To illustrate his point Jesus tells the story of a man who owes an astronomical amount of money in debt: 10,000 talents.  To give you some perspective, that is the equivalent of a day’s worth of wages for 150,000 years!  It’s more than the annual budget of the entire Roman province where these folks lived. It’s hyperbole. The point is that it’s an unplayable debt. When this man shows contrition, the one he owes forgives him the unplayable debt, undoubtedly expecting that he would do the same. But when that first man encounters someone who owes him a much more reasonable debt, he seeks vengeance and retribution. The parables’s message seems clear: forgive as you are forgiven.


An Eastern icon depicting the Parable of the Unmerciful Servant.



This sounds easy enough, but there’s a lot that goes unsaid here about the nature of “forgiveness” in an ancient Jewish context that perhaps those of us hearing the story today may not catch because the text takes it for granted. For example, it was common knowledge that the instruction about forgiving debts – whether the injury was financial or moral – was contingent upon a person admitting the wrong and seeking the other person’s forgiveness. And even when a person demonstrated such remorse, they may not immediately be granted the forgiveness they sought; in fact, the Torah stated that a person could deny their wrongdoer forgiveness up to three times. After that, however, if they didn’t forgive the offender, they were considered guilty of a greater sin. So the instruction to forgive as many times as it takes assumes contrition on the part of the wrongdoer.
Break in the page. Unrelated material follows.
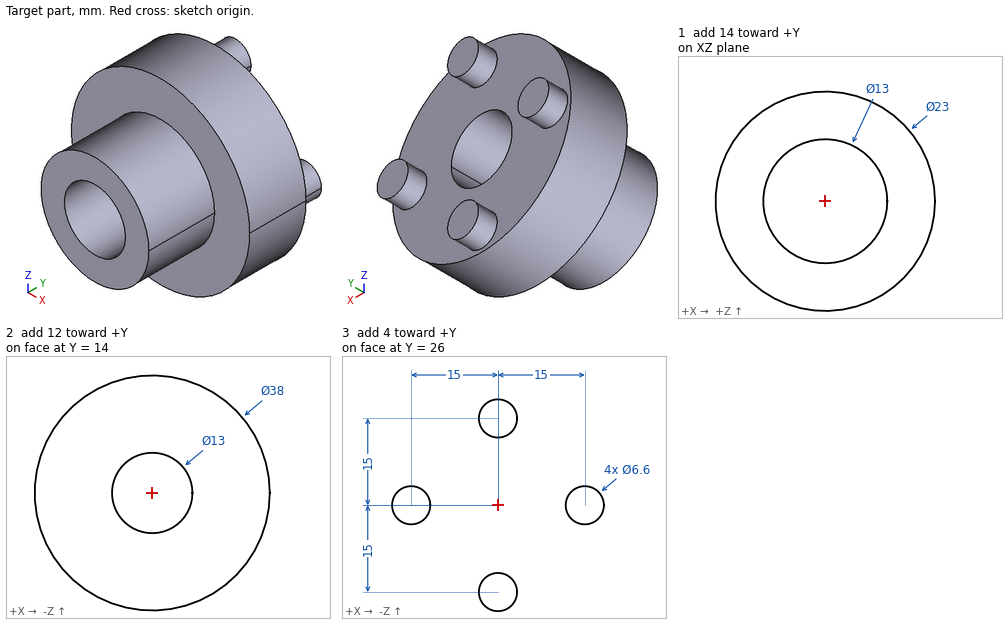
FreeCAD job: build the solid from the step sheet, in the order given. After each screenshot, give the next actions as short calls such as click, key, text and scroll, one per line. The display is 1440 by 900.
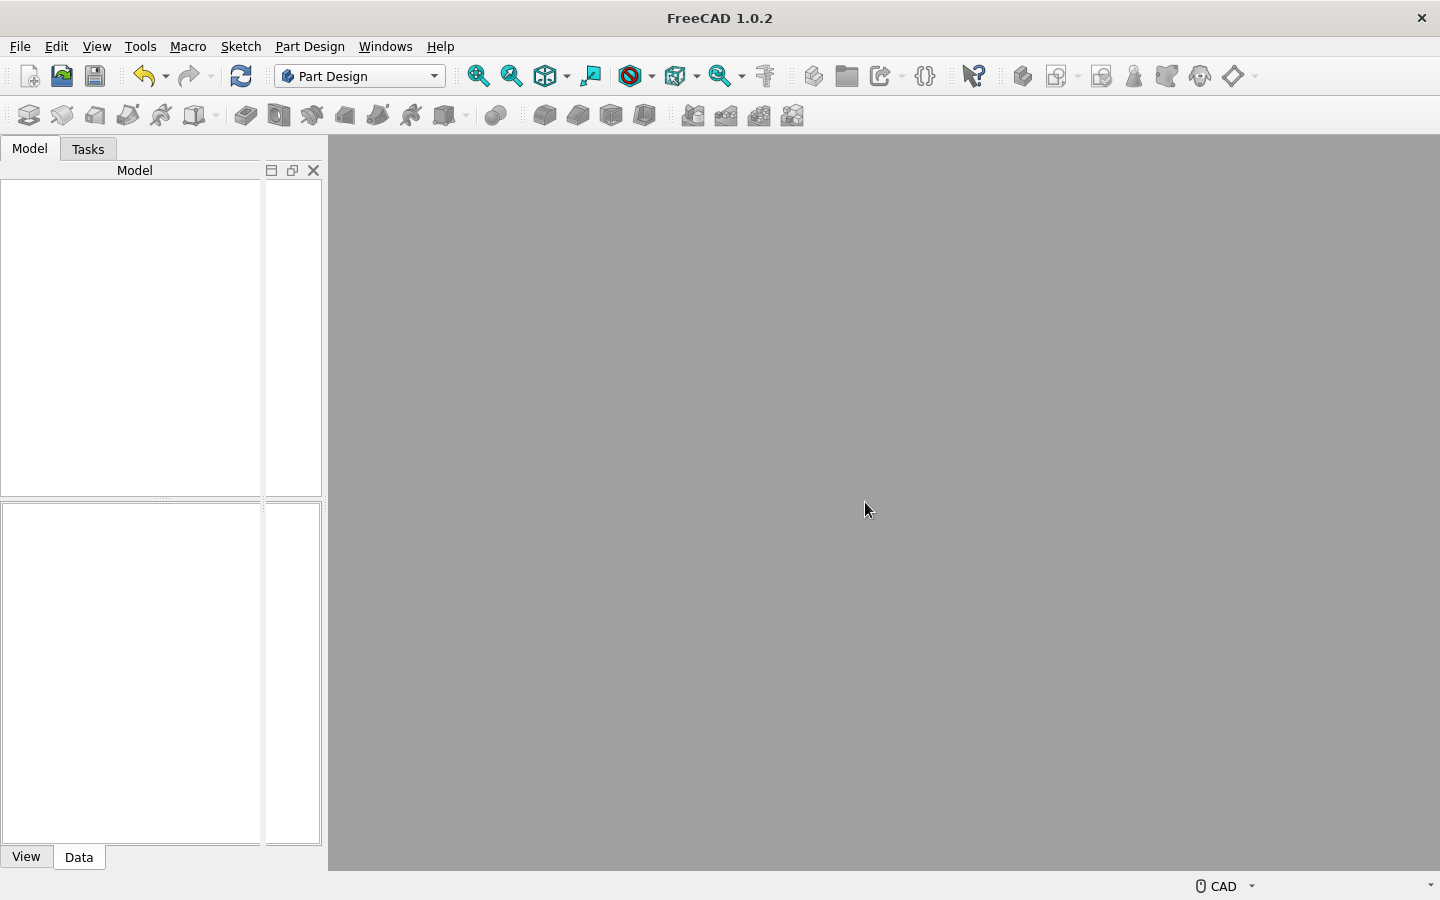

But what do you do when there is no contrition, no admittance of wrongdoing?


Forgiveness in the context of God’s grace, freely bestowed to all and never earned, is one of the greatest gifts that God gives us. Sadly, the concept of “forgiveness” often becomes so distorted in the context of the modern Church that those who are experiencing real harm are told to “just forgive,” without any further examination as to whether the harm has stopped, or whether the person causing the harm has shown any real understanding of their behavior, much less genuine contrition. Often in churches forgiveness becomes weaponized as a way of maintaining the status quo, protecting those in power while putting the onus on the victim to pretend like all is fine. People who are caught in cycles of abuse – especially when the abuse is more psychological than physical – are too often counseled by well-meaning pastors, spiritual directors, and church friends to “forgive and forget," which nearly always leads to further the abuse continuing. 
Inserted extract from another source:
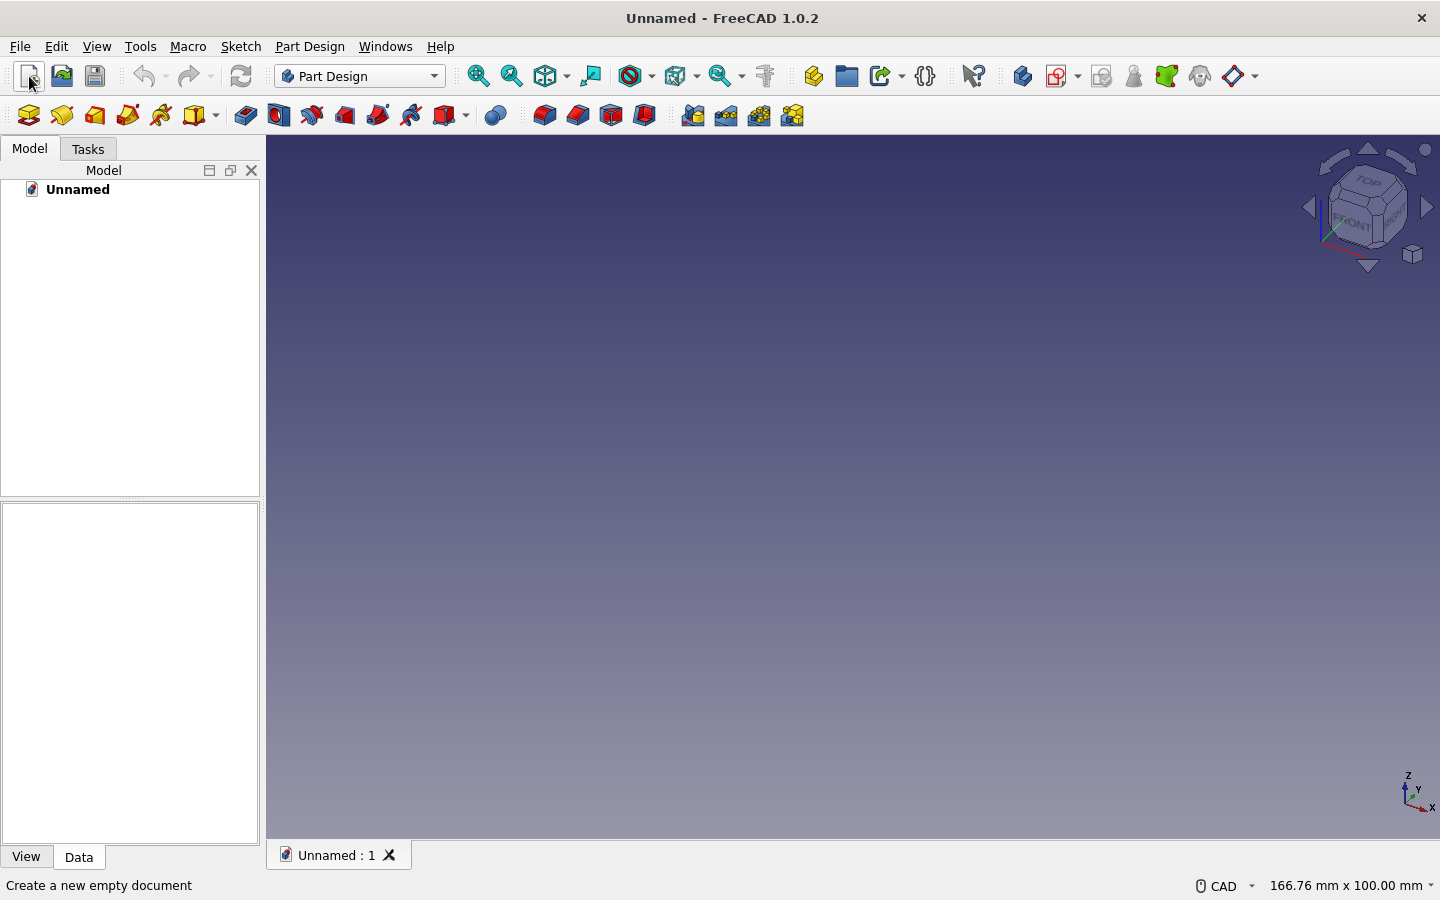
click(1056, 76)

We see this play out on a larger scale as well, when church leaders or politicians are publicly called out for immoral and even downright criminal behavior, and they respond with half-hearted “non-apologies” – saying they’re sorry if anyone was offended, or reminding everyone that they aren’t perfect (but who is?). They ask forgiveness with their words, but they are focused much more on maintaining their public image than the actual impact of their behavior on others. There is clearly no contrition there, no acknowledgement of the harm and then asking for forgiveness. They want those who were harmed to deny their experience and stop telling the truth about it. 
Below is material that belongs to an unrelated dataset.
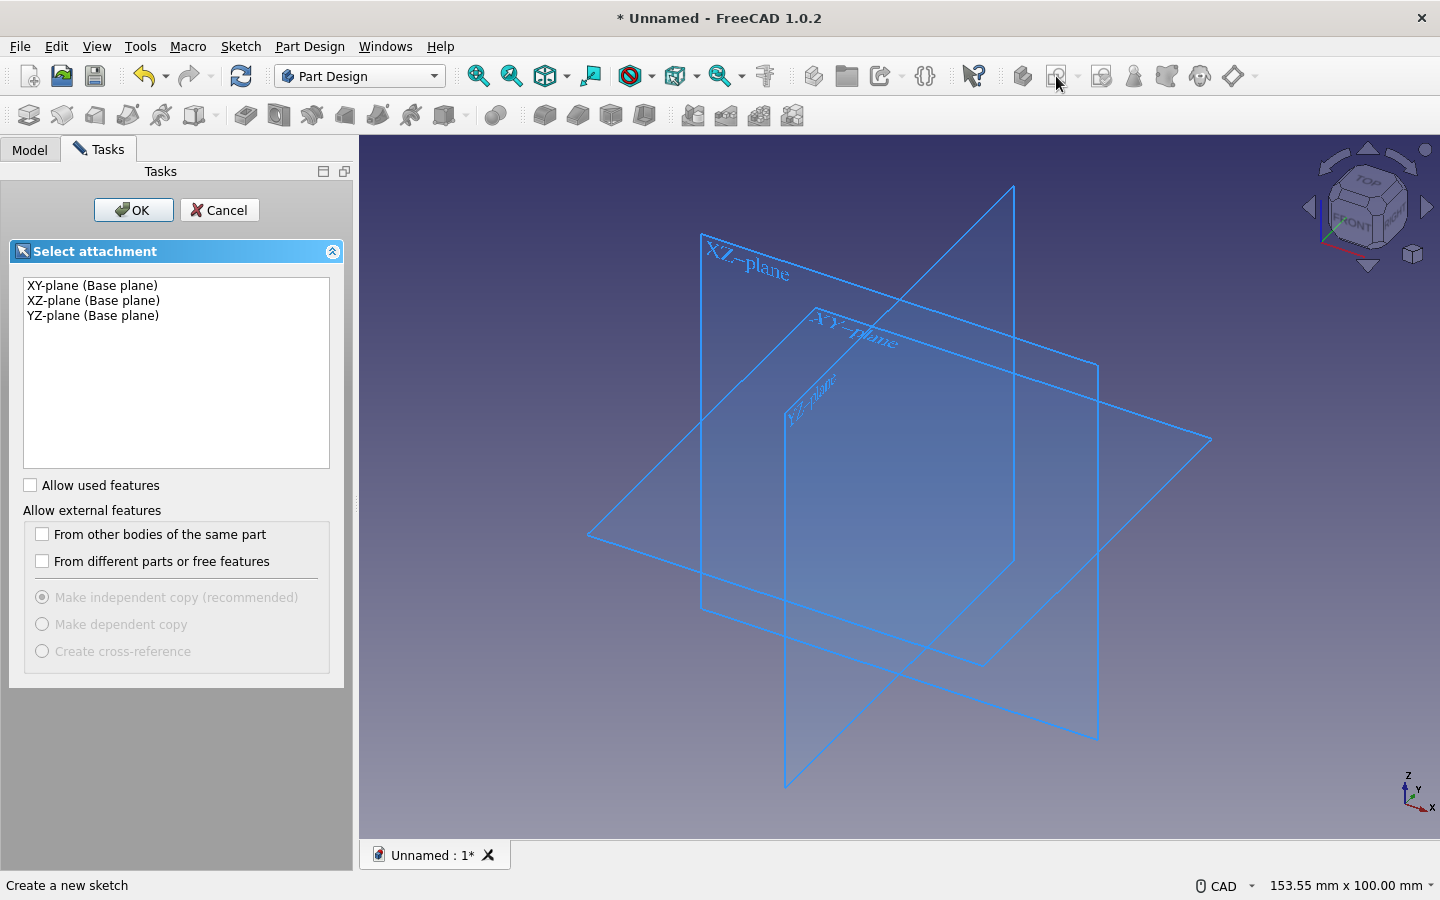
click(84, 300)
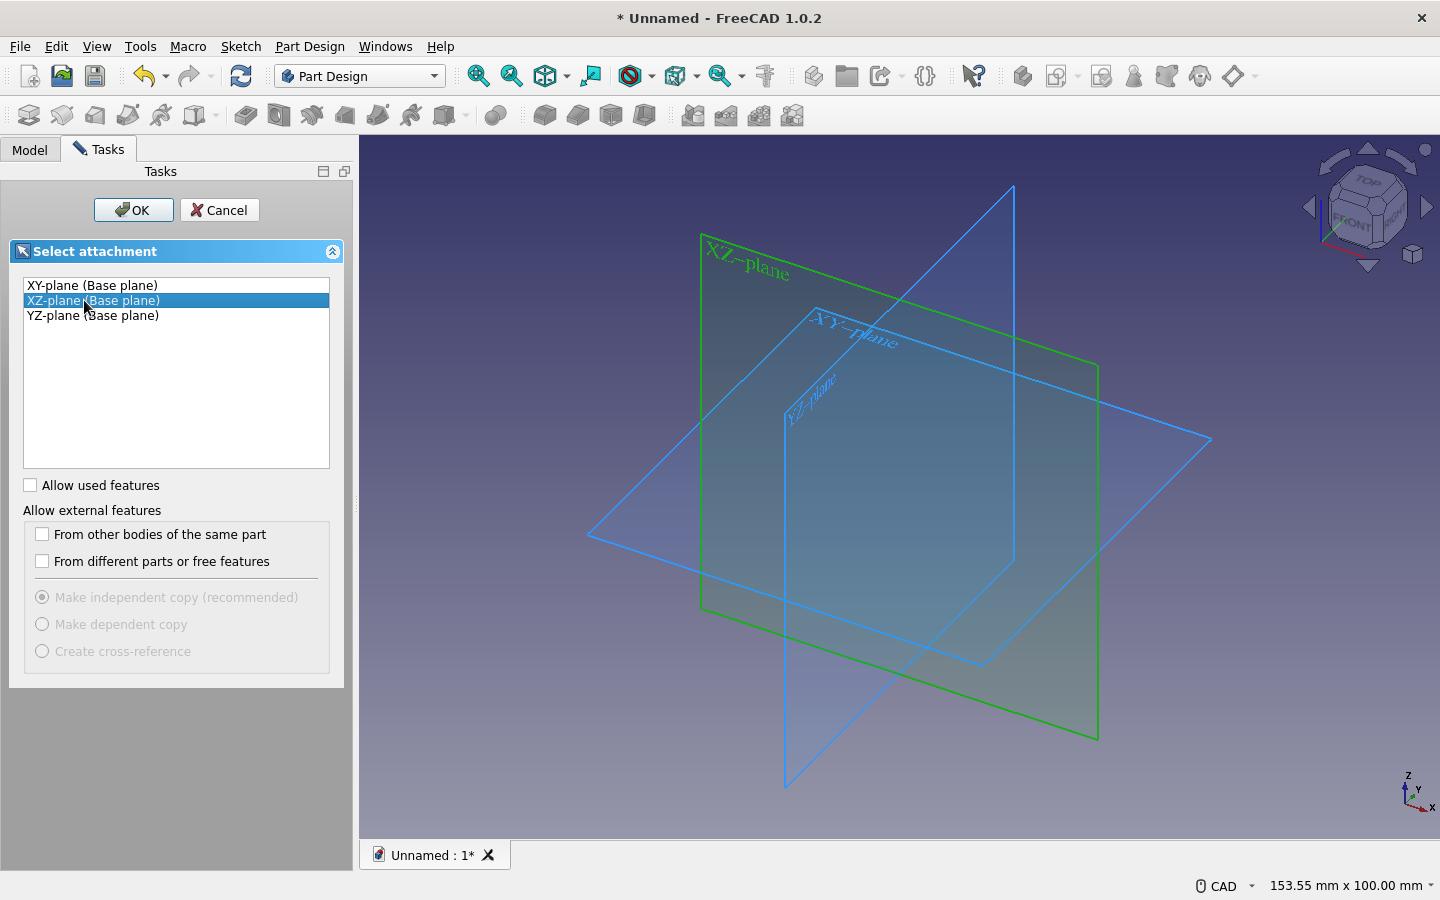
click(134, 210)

That is not forgiveness. That’s just denial. Last week I talked about conflict and the importance of “caring enough to confront.” Whether we are the one on the receiving end of harm, or the one who has wronged another, forgiveness requires us to accept the reality of our situation. The goal is not to forgive and forget,  but to understand and remember, and then choose a path of mercy. 


That doesn’t necessarily mean staying in relationship with someone who has wronged you. Interestingly, the Greek word used here for “forgive” – ἀφίημι– in a literal sense means “to leave,” “to send away, dismiss, or set free.” Real forgiveness means becoming free from the cycles of vengeance and violence that often keep us bound to unhealthy relationships. It’s about letting go of the power to harm.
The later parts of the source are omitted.